**About this exercise**
Exactly retype the opening line of the entries and every line after it, ending with the line that contains "Convert chart to". Skip all pictures.

(Saved entries)

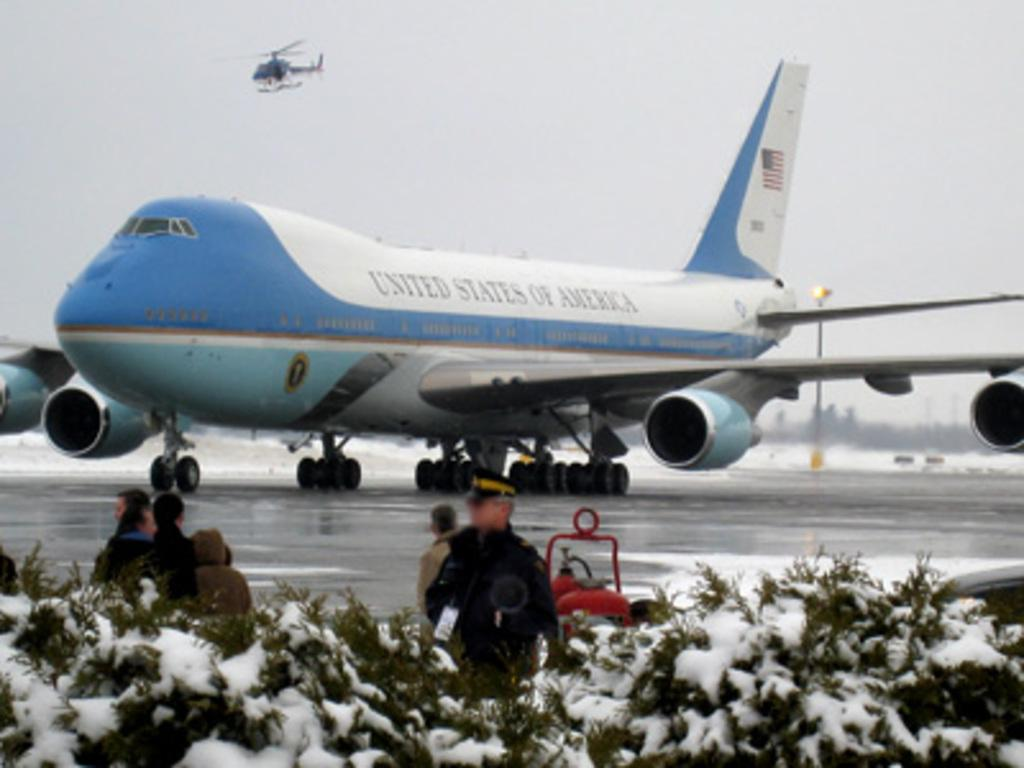<image>
Present a compact description of the photo's key features. The United States of America Air Force 1 on the runway. 
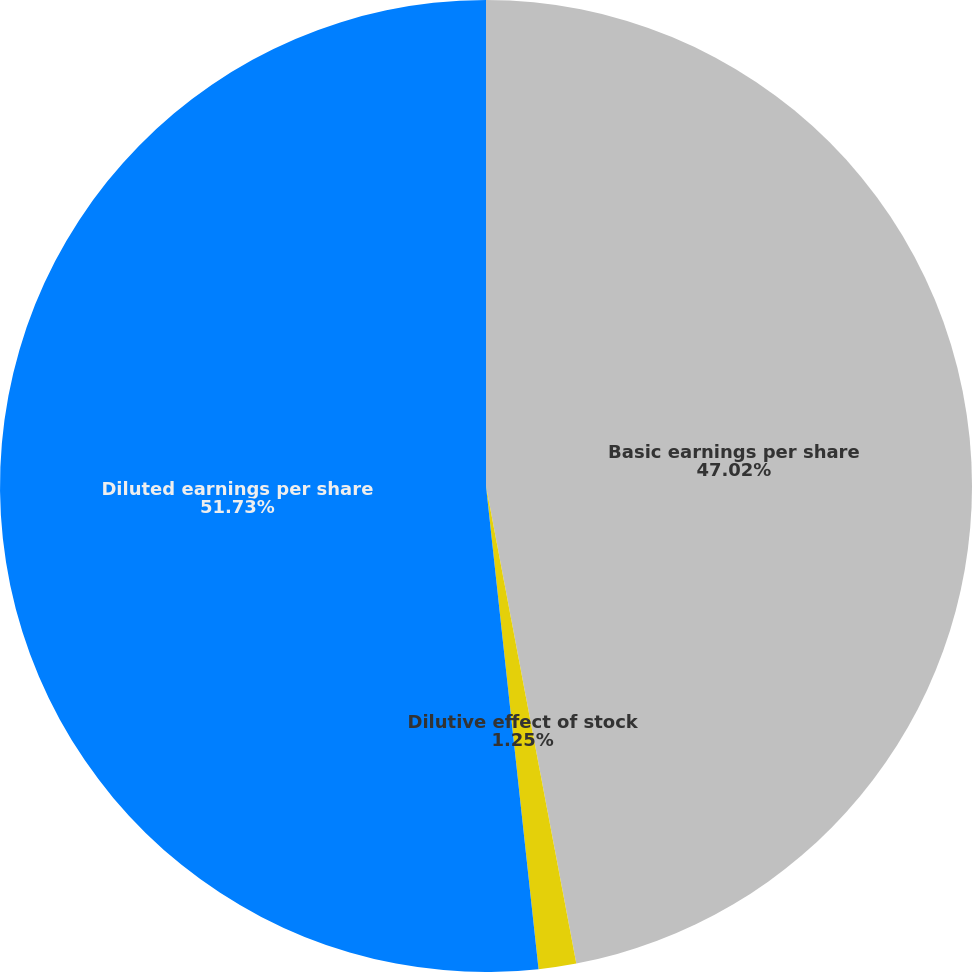Convert chart to OTSL. <chart><loc_0><loc_0><loc_500><loc_500><pie_chart><fcel>Basic earnings per share<fcel>Dilutive effect of stock<fcel>Diluted earnings per share<nl><fcel>47.02%<fcel>1.25%<fcel>51.72%<nl></chart> 
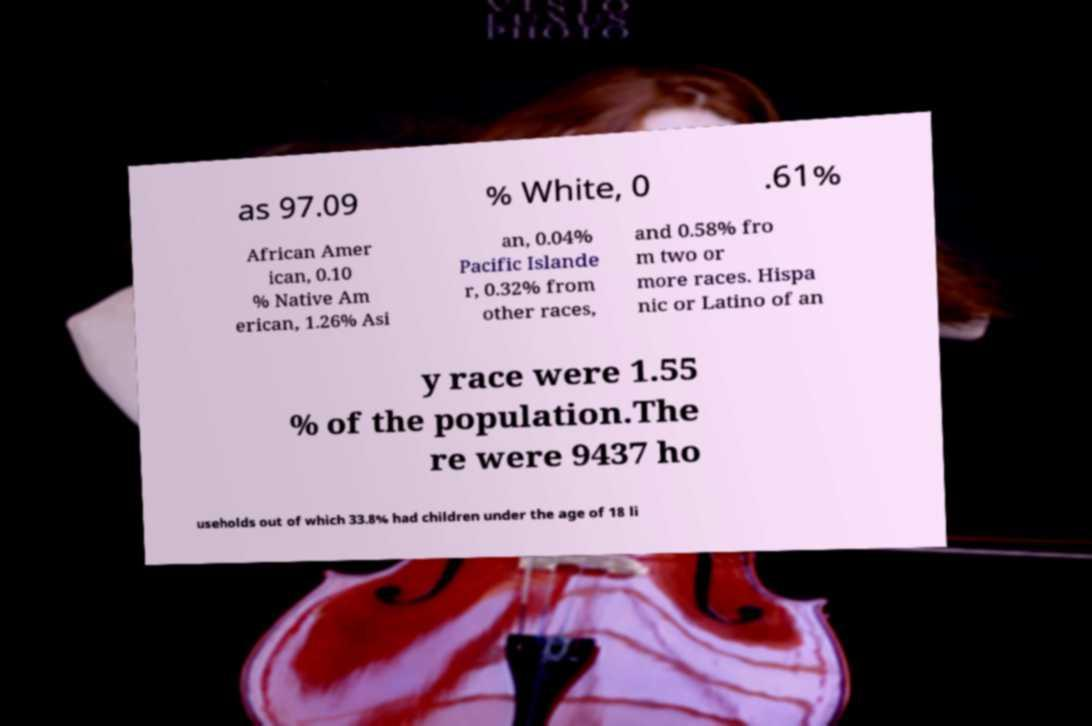Can you read and provide the text displayed in the image?This photo seems to have some interesting text. Can you extract and type it out for me? as 97.09 % White, 0 .61% African Amer ican, 0.10 % Native Am erican, 1.26% Asi an, 0.04% Pacific Islande r, 0.32% from other races, and 0.58% fro m two or more races. Hispa nic or Latino of an y race were 1.55 % of the population.The re were 9437 ho useholds out of which 33.8% had children under the age of 18 li 
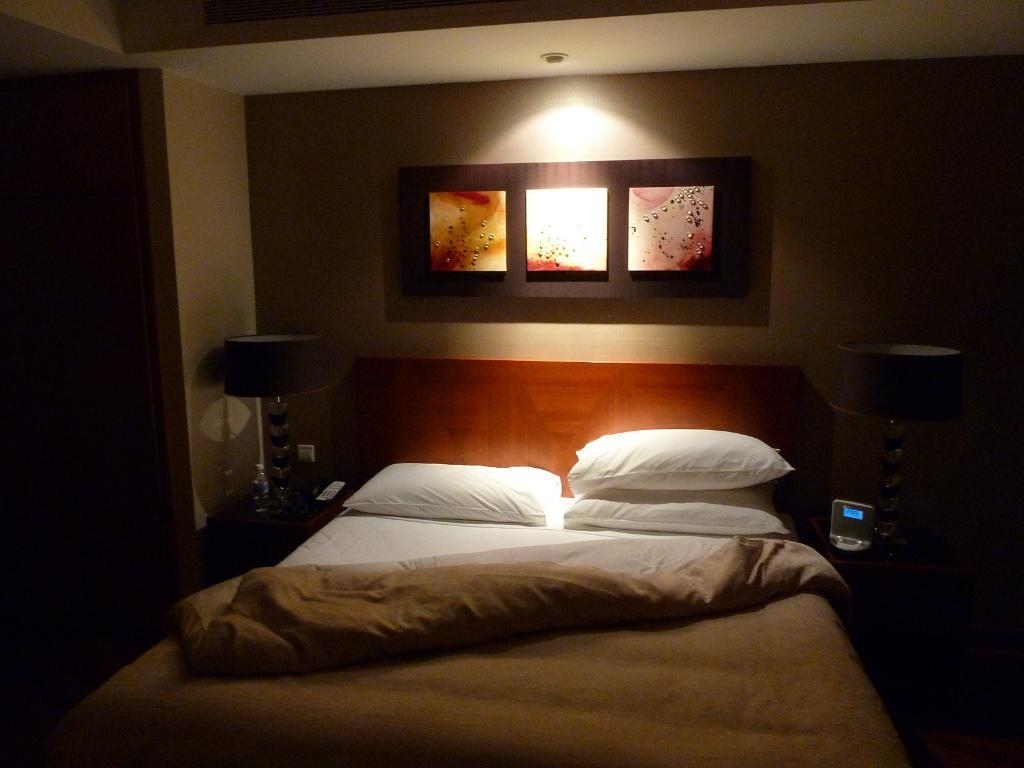What is the main object in the center of the image? There is a bed in the center of the image. What is covering the bed? The bed has a bed sheet. How many pillows are on the bed? There are three pillows on the bed. What can be seen behind the bed? There is a wall behind the bed. What type of lighting is present beside the bed? There is a table lamp beside the bed. What direction are the toes pointing on the person in the image? There are no people or toes visible in the image; it only shows a bed, bed sheet, pillows, a wall, and a table lamp. 
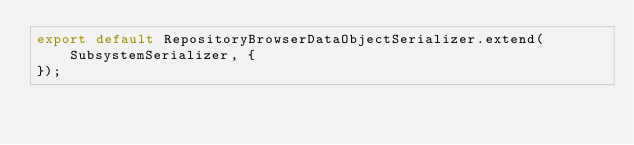Convert code to text. <code><loc_0><loc_0><loc_500><loc_500><_JavaScript_>export default RepositoryBrowserDataObjectSerializer.extend(SubsystemSerializer, {
});
</code> 
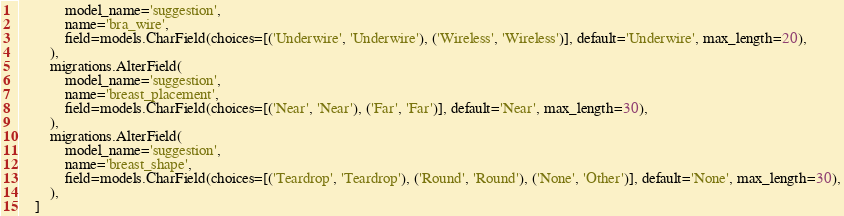Convert code to text. <code><loc_0><loc_0><loc_500><loc_500><_Python_>            model_name='suggestion',
            name='bra_wire',
            field=models.CharField(choices=[('Underwire', 'Underwire'), ('Wireless', 'Wireless')], default='Underwire', max_length=20),
        ),
        migrations.AlterField(
            model_name='suggestion',
            name='breast_placement',
            field=models.CharField(choices=[('Near', 'Near'), ('Far', 'Far')], default='Near', max_length=30),
        ),
        migrations.AlterField(
            model_name='suggestion',
            name='breast_shape',
            field=models.CharField(choices=[('Teardrop', 'Teardrop'), ('Round', 'Round'), ('None', 'Other')], default='None', max_length=30),
        ),
    ]
</code> 
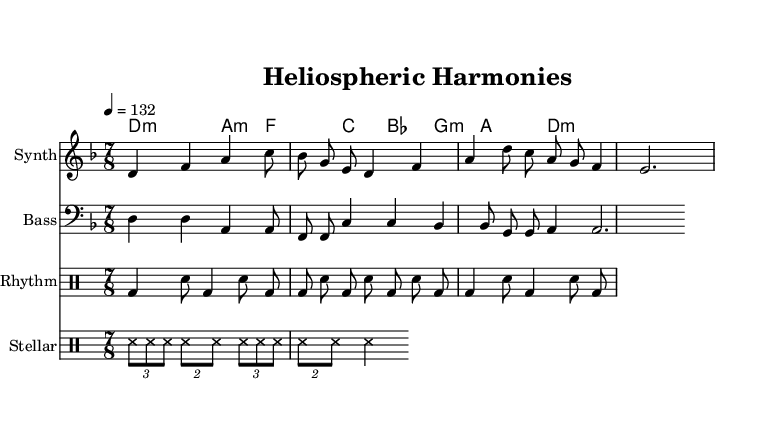What is the key signature of this music? The key signature is indicated at the beginning of the score. It shows two flats, which corresponds to D minor.
Answer: D minor What is the time signature of this music? The time signature appears after the key signature, represented by the fraction shown. It indicates that there are seven eighth notes per measure, which is displayed as 7/8.
Answer: 7/8 What is the tempo marking for this piece? The tempo is indicated as a number followed by an equal sign, shown at the beginning of the score. It specifies the speed at which the piece should be played, stated as 4 = 132.
Answer: 132 What is the rhythmic pattern used in the drum staff? By examining the drum staff, the first rhythmic section shows a combination of bass drum (bd) and snare drum (sn) notes. The first measure indicates a pattern of one quarter and two eighth notes, leading to a division that follows the seven eighth note structure.
Answer: Bass and snare How many measures are present in the melody? By counting the measures in the melody staff, we observe that there are a total of three measures, which consist of notes grouped together. Each measure is separated by a vertical line.
Answer: 3 What type of fusion is represented in this composition? The title of the piece provides direct insight into its genre and character. Additionally, the combination of traditional instruments with rhythmic elements representing stellar pulsations solidifies the nature of fusion.
Answer: Electronic-world fusion What unique rhythmic feature is found in the "stellar pulsation" section? In the stellar pulsation section, tuplet markings indicate irregular groupings of notes, specifically indicating groups of three and two notes. This feature creates complex rhythms mimicking the natural phenomena of stellar pulsations.
Answer: Tuplets 
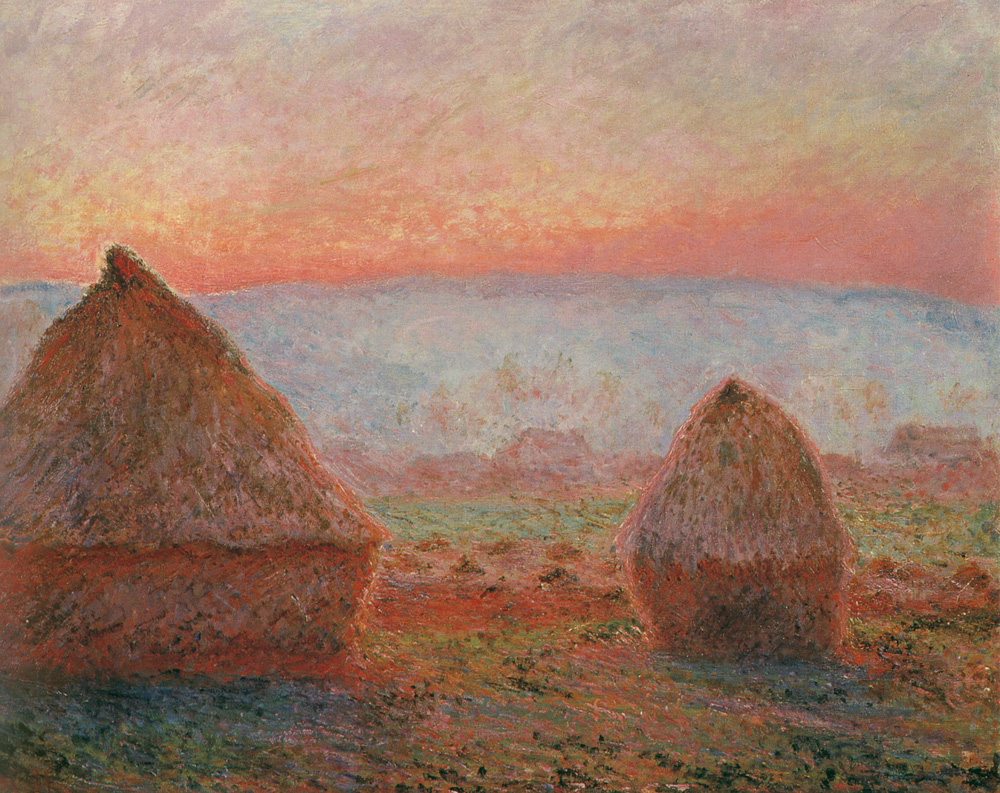How does the choice of colors affect the mood of this artwork? The artist's choice of warm shades of pink, orange, and red for the sky, contrasting with the earthy tones of the haystacks and ground, creates a deeply harmonious and soothing effect. These colors traditionally evoke feelings of warmth and calmness, suggesting that the scene is imbued with a quiet, contemplative mood typical of sunsets. This choice enhances the painting's ability to transport viewers to a tranquil, almost ethereal moment in time. 
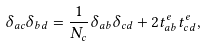<formula> <loc_0><loc_0><loc_500><loc_500>\delta _ { a c } \delta _ { b d } = \frac { 1 } { N _ { c } } \delta _ { a b } \delta _ { c d } + 2 t _ { a b } ^ { e } t _ { c d } ^ { e } ,</formula> 
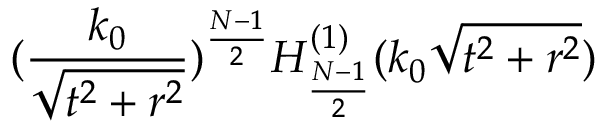<formula> <loc_0><loc_0><loc_500><loc_500>( \frac { k _ { 0 } } { \sqrt { t ^ { 2 } + r ^ { 2 } } } ) ^ { \frac { N - 1 } { 2 } } H _ { \frac { N - 1 } { 2 } } ^ { ( 1 ) } ( k _ { 0 } \sqrt { t ^ { 2 } + r ^ { 2 } } )</formula> 
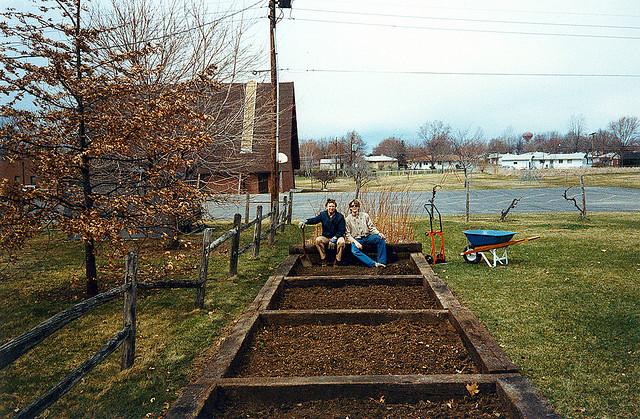Is this an idyllic summer scene?
Write a very short answer. No. Are the planting their garden?
Write a very short answer. Yes. How many people do you see?
Be succinct. 2.

**Result**
<image>
Present a compact description of the photo's key features. The United States of America Air Force 1 on the runway. 
Convert chart to OTSL. <chart><loc_0><loc_0><loc_500><loc_500><pie_chart><fcel>Basic earnings per share<fcel>Dilutive effect of stock<fcel>Diluted earnings per share<nl><fcel>47.02%<fcel>1.25%<fcel>51.72%<nl></chart> 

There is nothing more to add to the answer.